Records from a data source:

• • • • • • •

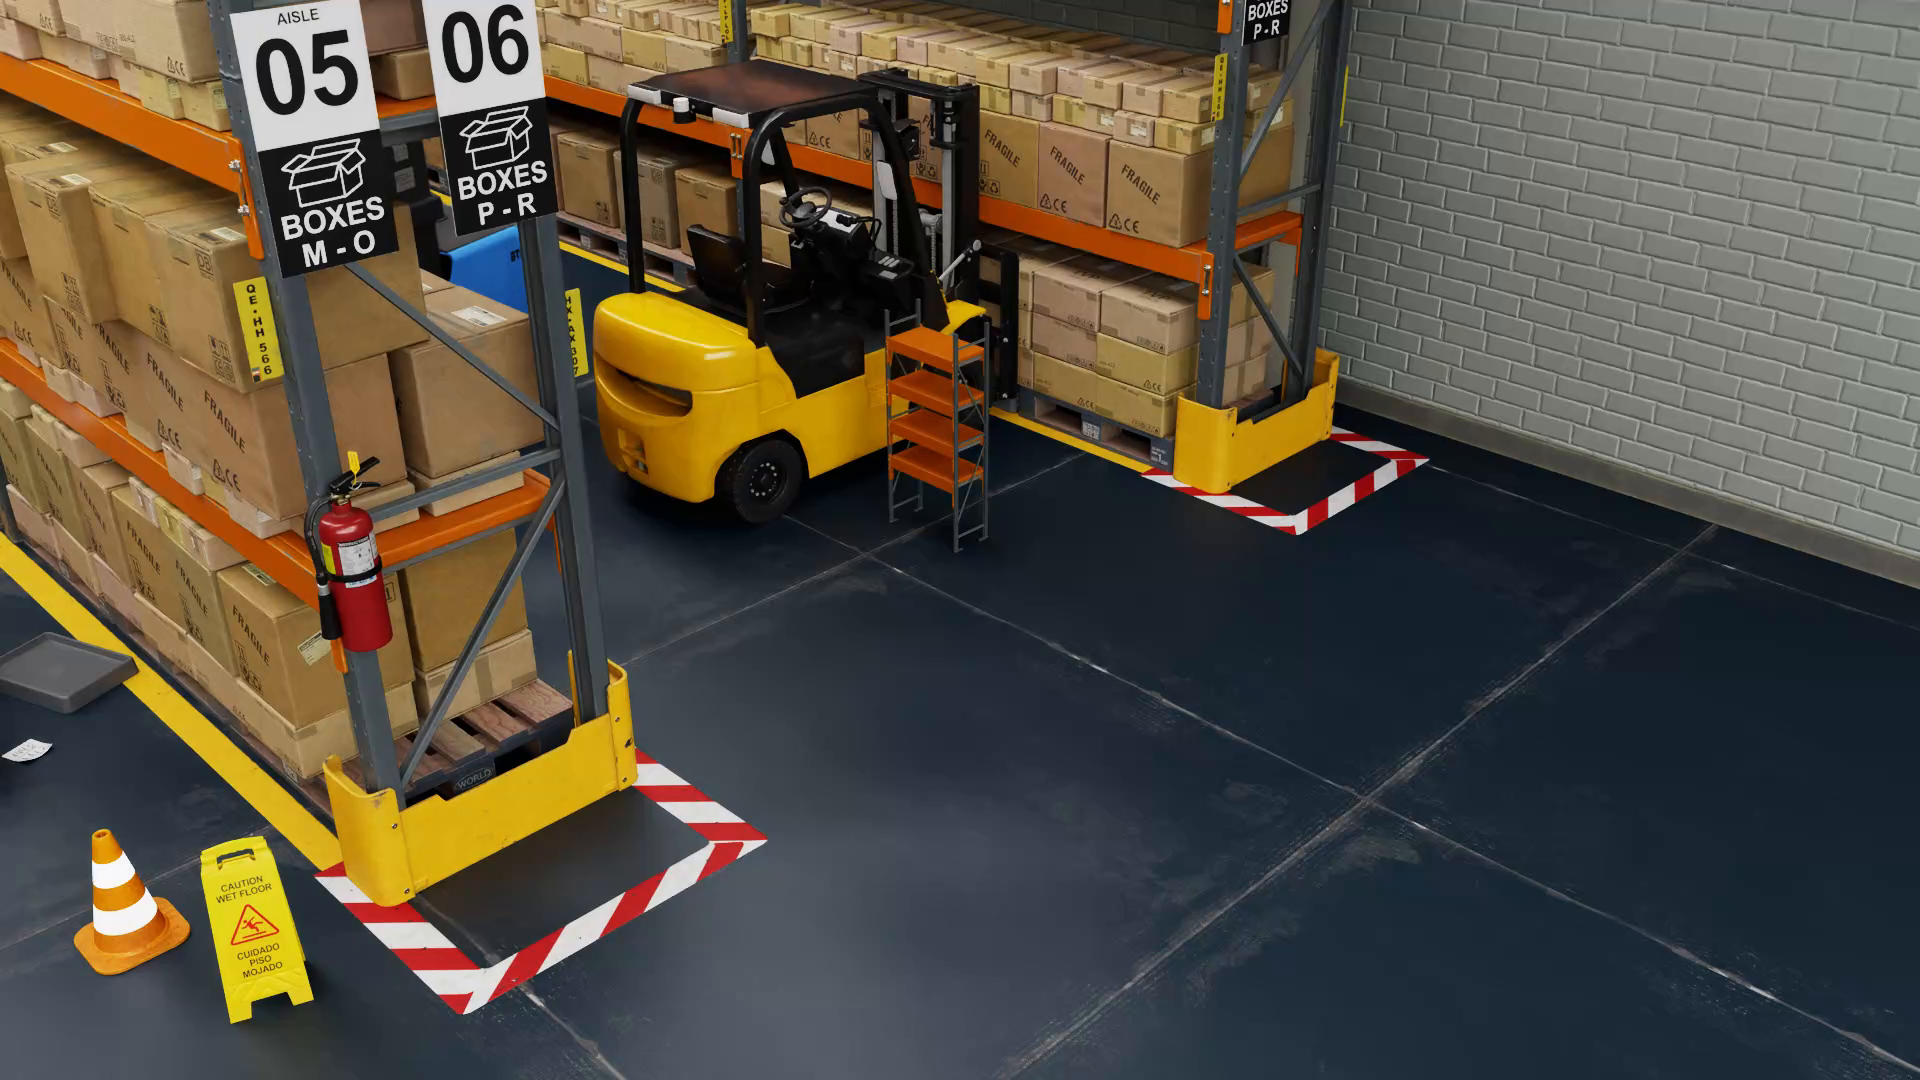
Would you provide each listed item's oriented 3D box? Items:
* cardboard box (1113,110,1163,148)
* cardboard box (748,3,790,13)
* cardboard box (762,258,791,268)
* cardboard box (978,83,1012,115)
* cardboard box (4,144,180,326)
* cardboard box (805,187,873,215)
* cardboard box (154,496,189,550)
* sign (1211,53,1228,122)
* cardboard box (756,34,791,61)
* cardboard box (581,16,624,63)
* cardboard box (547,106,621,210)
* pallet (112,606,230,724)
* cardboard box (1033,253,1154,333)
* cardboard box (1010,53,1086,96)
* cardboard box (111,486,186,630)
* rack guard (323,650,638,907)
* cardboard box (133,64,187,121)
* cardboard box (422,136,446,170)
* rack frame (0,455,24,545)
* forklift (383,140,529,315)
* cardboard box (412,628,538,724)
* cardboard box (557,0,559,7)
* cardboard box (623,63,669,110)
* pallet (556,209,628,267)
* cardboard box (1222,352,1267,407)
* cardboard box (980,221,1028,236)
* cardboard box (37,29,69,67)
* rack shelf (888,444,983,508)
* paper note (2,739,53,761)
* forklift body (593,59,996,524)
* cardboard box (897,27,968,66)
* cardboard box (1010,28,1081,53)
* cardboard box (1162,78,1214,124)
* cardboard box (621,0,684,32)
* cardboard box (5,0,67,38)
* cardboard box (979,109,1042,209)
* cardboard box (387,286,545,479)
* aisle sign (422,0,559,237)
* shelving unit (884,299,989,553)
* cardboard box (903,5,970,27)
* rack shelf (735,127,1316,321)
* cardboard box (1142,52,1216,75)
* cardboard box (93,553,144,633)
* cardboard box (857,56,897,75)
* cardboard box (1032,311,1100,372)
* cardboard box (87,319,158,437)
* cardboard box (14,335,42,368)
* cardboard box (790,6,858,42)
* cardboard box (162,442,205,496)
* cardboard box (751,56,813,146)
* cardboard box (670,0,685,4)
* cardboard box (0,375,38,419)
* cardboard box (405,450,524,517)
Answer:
[{"bbox_3d":[1.047,-2.254,9.009,0.380,0.149,0.250,-25,36,-38],"label":"cardboard box"},{"bbox_3d":[-1.258,-3.651,11.666,0.250,0.149,0.380,24,36,37],"label":"cardboard box"},{"bbox_3d":[-1.045,-1.835,11.520,0.500,0.250,0.500,-25,37,-39],"label":"cardboard box"},{"bbox_3d":[0.319,-2.591,9.649,0.250,0.149,0.380,25,37,39],"label":"cardboard box"},{"bbox_3d":[-3.092,-1.193,6.294,0.500,0.500,0.700,24,36,38],"label":"cardboard box"},{"bbox_3d":[-0.676,-2.113,10.974,0.500,0.250,0.500,25,36,38],"label":"cardboard box"},{"bbox_3d":[-3.023,-0.123,6.762,0.380,0.149,0.250,-25,36,-38],"label":"cardboard box"},{"bbox_3d":[1.304,-2.270,8.346,0.005,0.325,0.100,25,36,38],"label":"sign"},{"bbox_3d":[-1.115,-3.274,10.949,0.250,0.149,0.380,24,36,38],"label":"cardboard box"},{"bbox_3d":[-2.420,-3.698,12.184,0.500,0.250,0.500,-24,36,-38],"label":"cardboard box"},{"bbox_3d":[-3.104,-3.155,13.628,0.875,0.625,0.625,-24,36,-38],"label":"cardboard box"},{"bbox_3d":[-3.258,0.354,7.849,1.213,0.211,1.003,25,36,38],"label":"pallet"},{"bbox_3d":[0.779,-1.451,9.716,0.500,0.250,0.500,-25,36,-38],"label":"cardboard box"},{"bbox_3d":[0.499,-2.639,9.422,0.380,0.149,0.250,-24,36,-38],"label":"cardboard box"},{"bbox_3d":[-3.267,0.008,7.209,0.500,0.500,0.500,24,36,37],"label":"cardboard box"},{"bbox_3d":[-1.837,0.901,6.498,0.348,0.500,1.175,25,36,38],"label":"rack guard"},{"bbox_3d":[-2.434,-1.490,5.408,0.250,0.149,0.380,25,37,39],"label":"cardboard box"},{"bbox_3d":[-4.463,-3.585,14.580,0.500,0.500,0.500,-24,36,-38],"label":"cardboard box"},{"bbox_3d":[-4.635,-1.485,8.352,0.127,3.000,1.000,25,36,38],"label":"rack frame"},{"bbox_3d":[-3.687,-1.801,9.026,1.130,2.935,3.031,13,30,23],"label":"forklift"},{"bbox_3d":[-2.164,0.496,7.087,0.500,0.250,0.500,24,36,38],"label":"cardboard box"},{"bbox_3d":[-2.809,-4.098,12.516,0.250,0.149,0.380,25,36,38],"label":"cardboard box"},{"bbox_3d":[-2.063,-3.307,11.978,0.500,0.250,0.500,24,36,38],"label":"cardboard box"},{"bbox_3d":[-2.585,-2.525,13.325,1.213,0.211,1.003,25,36,38],"label":"pallet"},{"bbox_3d":[1.481,-1.023,9.975,0.500,0.250,0.500,25,37,39],"label":"cardboard box"},{"bbox_3d":[0.416,-1.958,10.679,0.500,0.250,0.500,24,36,37],"label":"cardboard box"},{"bbox_3d":[-3.127,-1.847,6.087,0.250,0.149,0.380,23,36,37],"label":"cardboard box"},{"bbox_3d":[-0.118,-0.350,8.697,0.480,0.148,0.258,25,36,38],"label":"rack shelf"},{"bbox_3d":[-3.941,0.887,7.030,0.148,0.019,0.142,12,30,22],"label":"paper note"},{"bbox_3d":[-0.937,-1.466,9.227,1.214,2.155,2.313,25,36,38],"label":"forklift body"},{"bbox_3d":[-0.165,-3.000,10.109,0.250,0.149,0.380,24,36,38],"label":"cardboard box"},{"bbox_3d":[0.522,-2.986,10.082,0.250,0.149,0.380,25,37,39],"label":"cardboard box"},{"bbox_3d":[1.291,-2.339,8.850,0.250,0.149,0.380,25,36,38],"label":"cardboard box"},{"bbox_3d":[-2.172,-3.720,11.798,0.250,0.149,0.380,23,36,37],"label":"cardboard box"},{"bbox_3d":[-3.068,-1.983,5.916,0.500,0.250,0.500,-24,36,-38],"label":"cardboard box"},{"bbox_3d":[0.430,-2.286,9.767,0.500,0.500,0.500,24,36,37],"label":"cardboard box"},{"bbox_3d":[-1.926,-0.603,6.246,0.500,0.500,0.500,24,36,38],"label":"cardboard box"},{"bbox_3d":[-1.522,-1.413,5.422,0.004,0.787,0.394,25,36,38],"label":"aisle sign"},{"bbox_3d":[-0.118,-0.585,8.573,0.503,1.200,0.258,25,36,38],"label":"shelving unit"},{"bbox_3d":[-0.148,-3.354,10.782,0.250,0.149,0.380,24,36,37],"label":"cardboard box"},{"bbox_3d":[0.268,-2.163,10.413,4.000,0.370,1.077,25,36,38],"label":"rack shelf"},{"bbox_3d":[1.243,-2.650,9.443,0.380,0.149,0.250,-24,36,-38],"label":"cardboard box"},{"bbox_3d":[-3.635,0.171,7.706,0.500,0.250,0.500,24,36,38],"label":"cardboard box"},{"bbox_3d":[-0.414,-2.923,10.281,0.250,0.149,0.380,24,36,38],"label":"cardboard box"},{"bbox_3d":[0.778,-1.241,9.853,0.500,0.250,0.500,24,36,38],"label":"cardboard box"},{"bbox_3d":[-3.071,-0.771,6.566,0.500,0.500,0.500,24,36,38],"label":"cardboard box"},{"bbox_3d":[-4.056,-0.931,7.567,0.380,0.149,0.250,-24,36,-38],"label":"cardboard box"},{"bbox_3d":[-0.876,-3.345,10.764,0.380,0.149,0.250,-25,36,-38],"label":"cardboard box"},{"bbox_3d":[-2.831,-0.331,6.425,0.380,0.149,0.250,-25,36,-38],"label":"cardboard box"},{"bbox_3d":[-1.025,-2.947,11.023,0.500,0.500,0.500,23,36,37],"label":"cardboard box"},{"bbox_3d":[-1.947,-4.004,12.337,0.250,0.149,0.380,25,36,38],"label":"cardboard box"},{"bbox_3d":[-4.357,-0.730,7.916,0.380,0.149,0.250,-25,36,-38],"label":"cardboard box"},{"bbox_3d":[-1.880,-0.248,6.269,0.250,0.149,0.380,25,37,39],"label":"cardboard box"}]
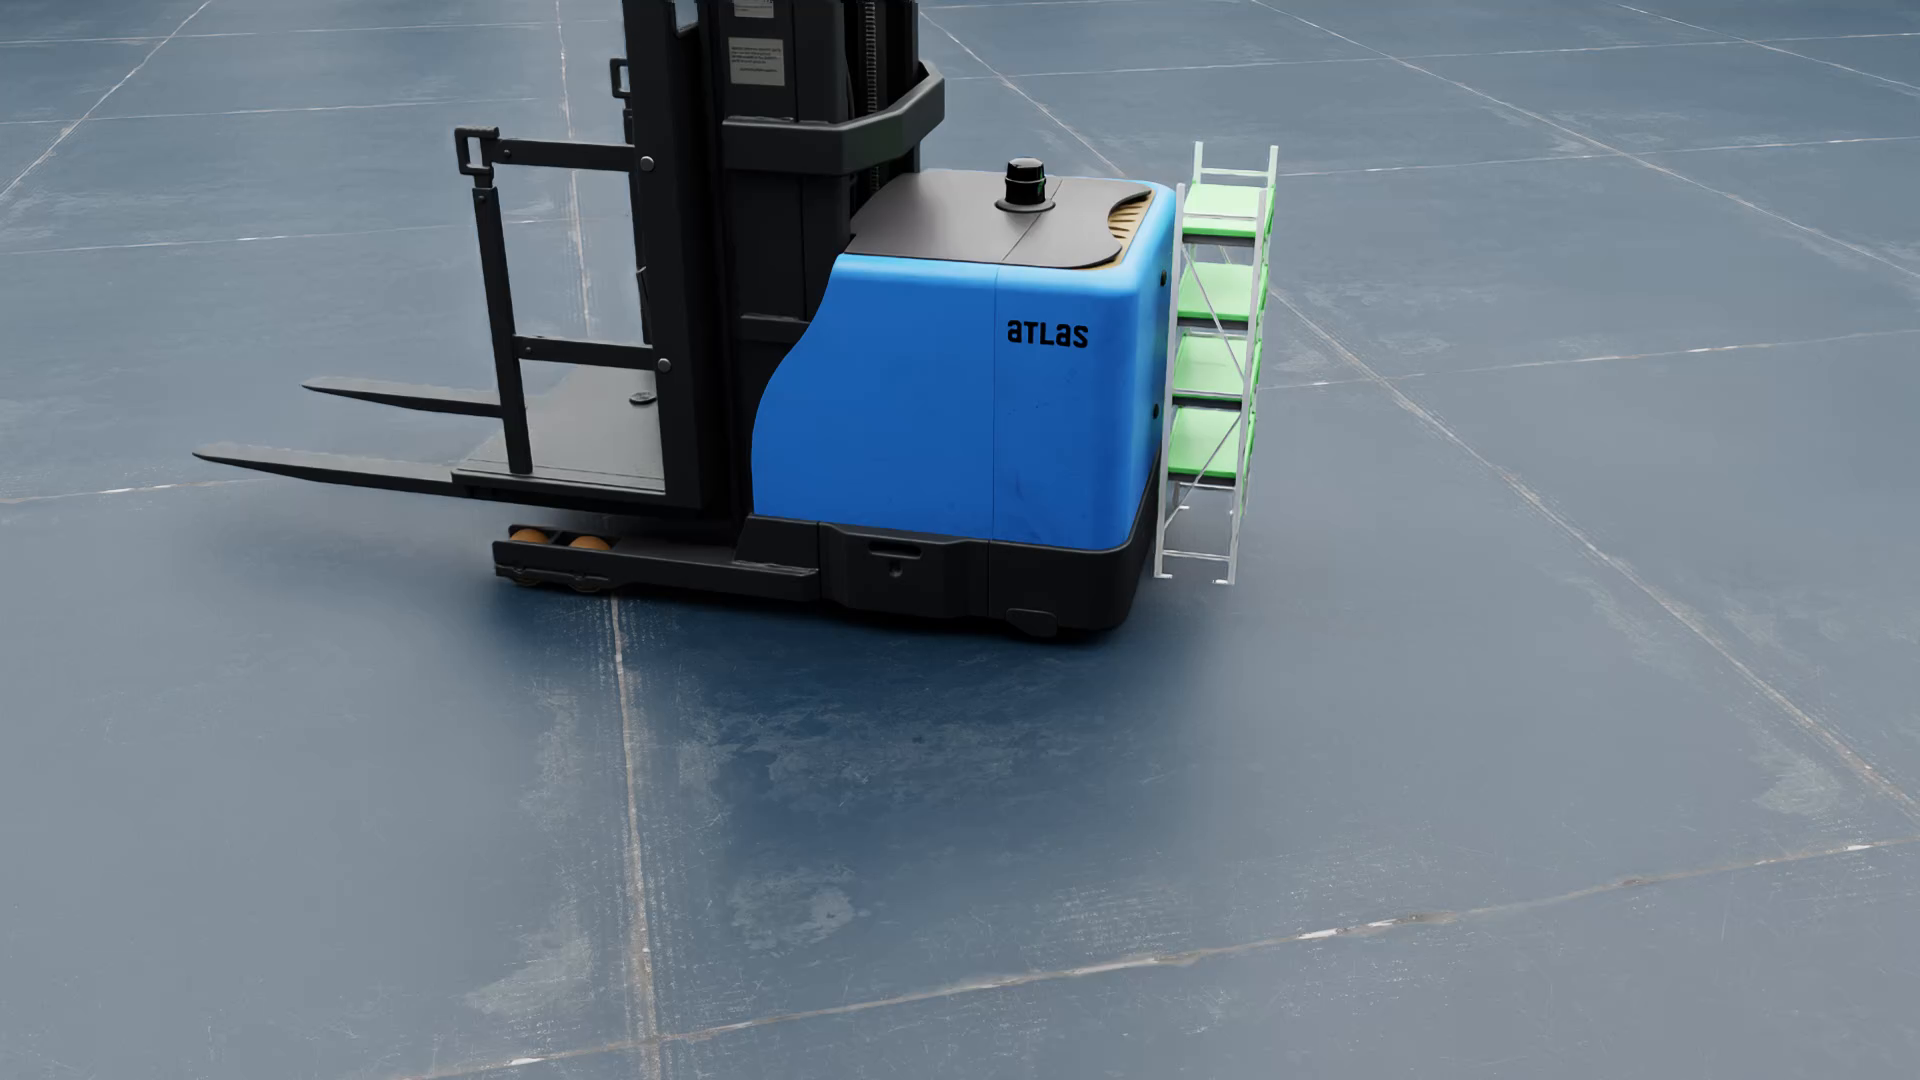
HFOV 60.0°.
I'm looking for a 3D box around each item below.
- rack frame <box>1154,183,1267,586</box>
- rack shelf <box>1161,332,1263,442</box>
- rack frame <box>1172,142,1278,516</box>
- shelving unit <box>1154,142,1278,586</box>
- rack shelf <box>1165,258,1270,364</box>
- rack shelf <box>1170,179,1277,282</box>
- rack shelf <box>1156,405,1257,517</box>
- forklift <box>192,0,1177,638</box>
[{"bbox_3d":[0.705,-0.414,4.739,0.240,1.200,0.015,6,27,12],"label":"rack frame"},{"bbox_3d":[0.759,-0.464,4.980,0.258,0.148,0.480,6,27,12],"label":"rack shelf"},{"bbox_3d":[0.814,-0.628,5.163,0.240,1.200,0.015,6,27,12],"label":"rack frame"},{"bbox_3d":[0.759,-0.521,4.951,0.258,1.200,0.503,6,27,12],"label":"shelving unit"},{"bbox_3d":[0.759,-0.678,4.872,0.258,0.148,0.480,6,27,12],"label":"rack shelf"},{"bbox_3d":[0.759,-0.893,4.764,0.258,0.148,0.480,6,27,12],"label":"rack shelf"},{"bbox_3d":[0.759,-0.250,5.088,0.258,0.148,0.480,6,27,12],"label":"rack shelf"},{"bbox_3d":[-0.904,-1.374,4.719,3.031,2.935,1.130,6,27,12],"label":"forklift"}]

• • • • • • •

§ **AIM OF THE EXERCISE**
Find the lines above holding the word "each" and show them.

§ **TASK RESULT**
Would you provide each listed item's oriented 3D box? Items:
I'm looking for a 3D box around each item below.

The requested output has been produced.